# 🤖💬❓nlp-uncertainty-zoo Demo

This is a quick demo for the nlp-uncertainty-zoo, detailing how to jump in quickly with package. We will do this by training two different models on the Rotten Tomatoes sentiment analysis dataset, where want to classify where a movie review is positive or negative. 

For that purpose, we first start by importing all necessary packages as well as loading and preprocessing the dataset. Even though the first model we are using is LSTM-based, we will still use the BERT tokenizer here for the sake of simplicity.

## Loading the dataset & preprocessing

In [39]:
import random
from string import ascii_lowercase

from datasets import load_dataset
from torch.utils.data import DataLoader
from transformers import BertTokenizer
from nlp_uncertainty_zoo.models import LSTMEnsemble, VariationalBert  # We will test these two models in this demo!

# CONST
BATCH_SIZE = 16

In [21]:
def preprocess_with(tokenizer):
    def preprocess(input_):
        return tokenizer(
            input_["text"],
            truncation=True,
            padding="max_length",
            max_length=50
        )
    
    return preprocess

dataset = load_dataset("rotten_tomatoes")
tokenizer = BertTokenizer.from_pretrained("bert-base-uncased")

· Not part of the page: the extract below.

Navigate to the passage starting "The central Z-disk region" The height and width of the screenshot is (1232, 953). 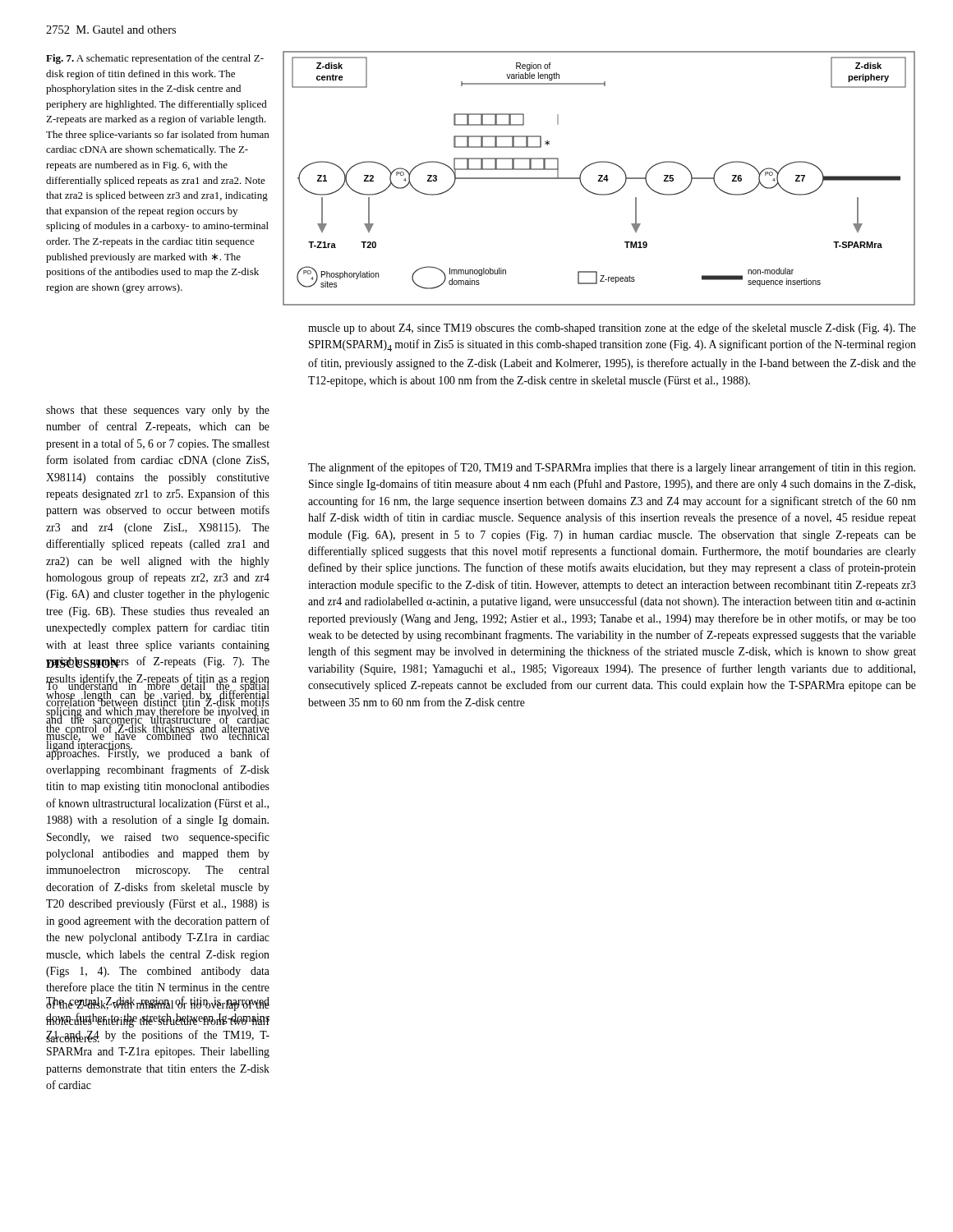point(158,1044)

train_set = dataset["train"].map(preprocess_with(tokenizer), batched=True)
train_loader = DataLoader(train_set, batch_size=BATCH_SIZE)

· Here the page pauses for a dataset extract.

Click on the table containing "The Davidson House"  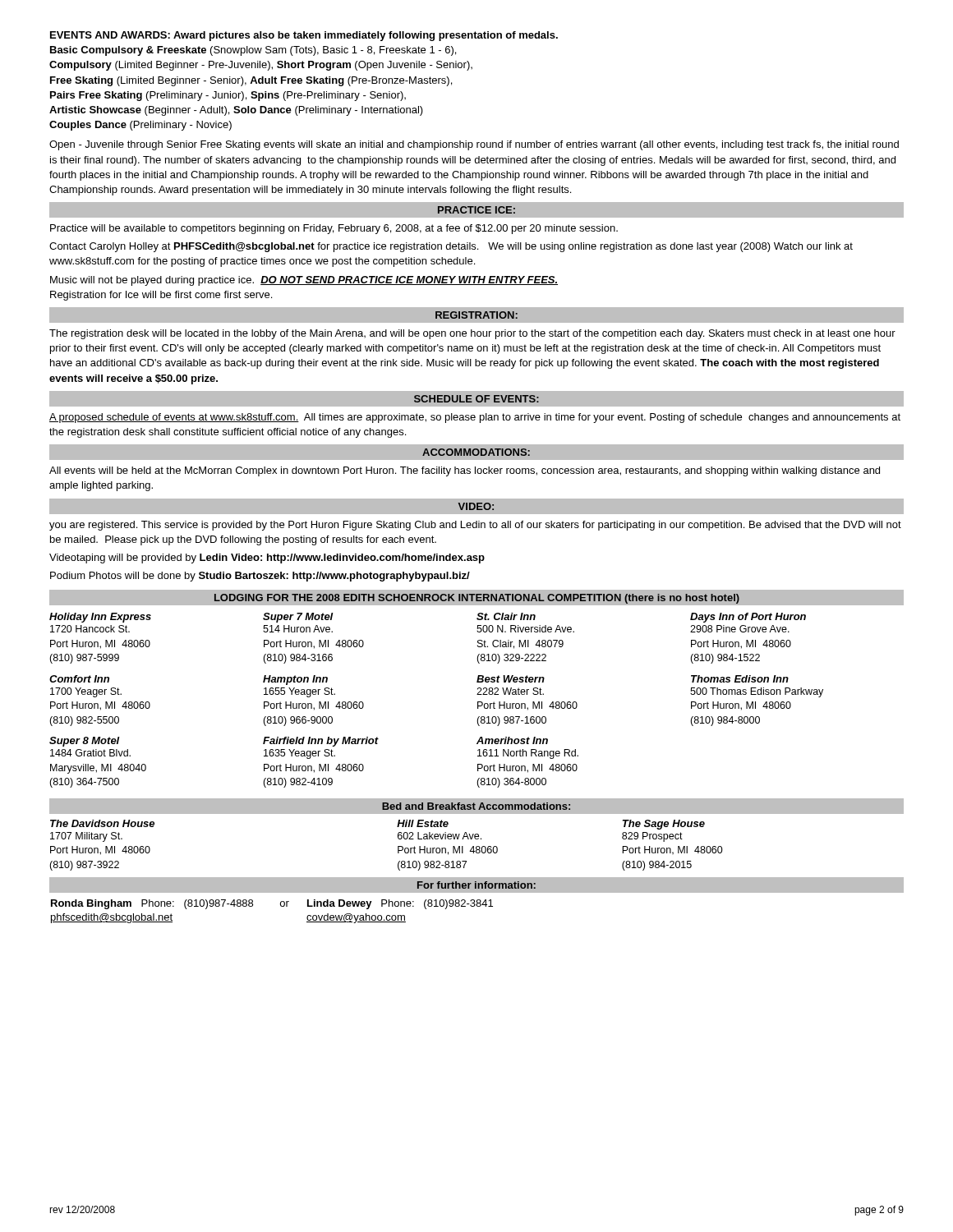(476, 845)

test_set = dataset["train"].map(preprocess_with(tokenizer), batched=True)
test_loader = DataLoader(train_set, batch_size=BATCH_SIZE)

Using custom data configuration default
Reusing dataset rotten_tomatoes_movie_review (/Users/deul/.cache/huggingface/datasets/rotten_tomatoes_movie_review/default/1.0.0/9c411f7ecd9f3045389de0d9ce984061a1056507703d2e3183b1ac1a90816e4d)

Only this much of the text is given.